The Darkest Season of My Life Became the Work I Was Meant to Do
Why I Still Share My Story
I still have dark days. I think most people do. What changed for me was what those days pushed me toward. They pushed me toward helping teens and parents so no one feels alone in the way my family once did.
I wrote my first mental health article in 2012. I was nervous to share it. Talking about depression as a man felt risky at the time. That post reached tens of thousands of people. It taught me that honesty connects people in a way nothing else does.
Life brought more pain after that. Losing Maddie changed my path. It taught me skills I never wanted to learn. Parenting a grieving family taught me even more. Those lessons shaped The MentorWell, and why it’s lead to programs like LifeLine Parenting Workshops and the Expedited Referral Network. They came from real life experiences.
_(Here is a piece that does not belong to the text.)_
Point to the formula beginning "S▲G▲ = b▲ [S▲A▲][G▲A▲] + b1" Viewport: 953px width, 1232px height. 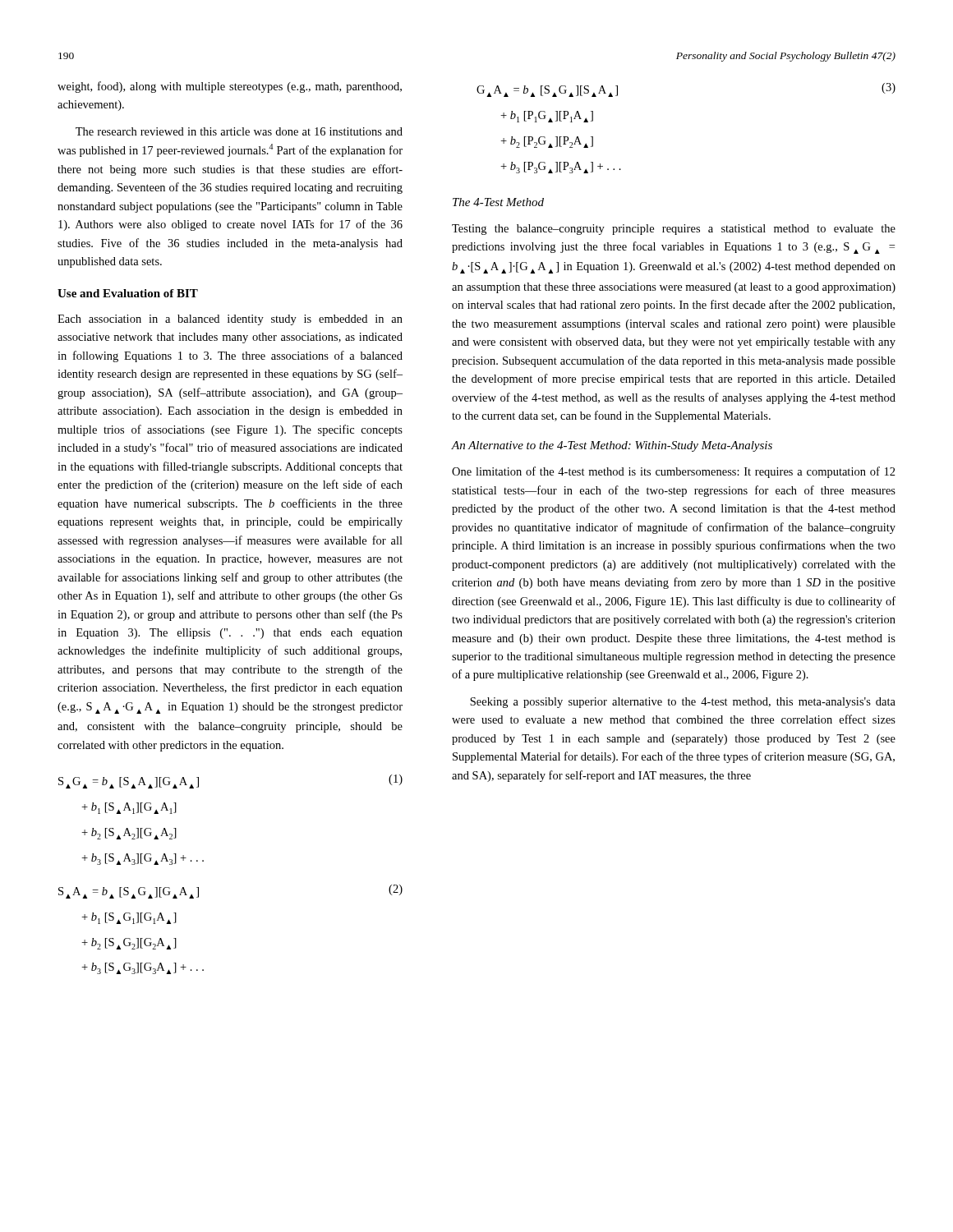(x=126, y=781)

Accepting the Person I Am Today
The way I have grown the most became clear only about six months ago. For years, I tried to get back to the person I was before losing Maddie in 2015. I kept pushing myself to return to that version of me.
Then something shifted. I was not meant to go back. I was meant to accept the person I have become. I do miss parts of my old self. The competitiveness. The speed. The ability to make tough decisions without hesitation. I would still trade all of that for the version of Chris I am today. A kinder and more emotionally aware man.
When I stopped resisting the change, I realized Maddie was still with me. It felt like she handed me the best parts of her. Her kindness. Her compassion. Those qualities live in me now. I feel her presence every day.
Lessons That Guide The MentorWell
I have learned that progress comes from looking back at where you started. When I measure backwards, I see growth through the hard days. I see how Maddie’s story has helped families talk about feelings that stay hidden. I still wish she were here. I always will. But her impact guides every part of this work.
The tools I relied on years ago still help today.
Gratitude. Healthy habits. Small simple steps. Time to pause.
Some days, getting through the day is enough. That is real life for many parents and teens. We do not need perfection. We need support.
If I could speak to my younger self, I would say this. It is okay to ask for help. It is okay to feel angry or lost. Feel it, then take the next small step forward. Those steps add up. They always do.
The MentorWell exist because of all these lessons. They exist so parents have a place to learn skills they were never taught. They exist so teens have someone who sees them and listens without judgment.
A Simple Reminder for Anyone Struggling
If you are struggling, take one day at a time. Reach out. You are not meant to do this alone. Your story may help someone else find their way forward.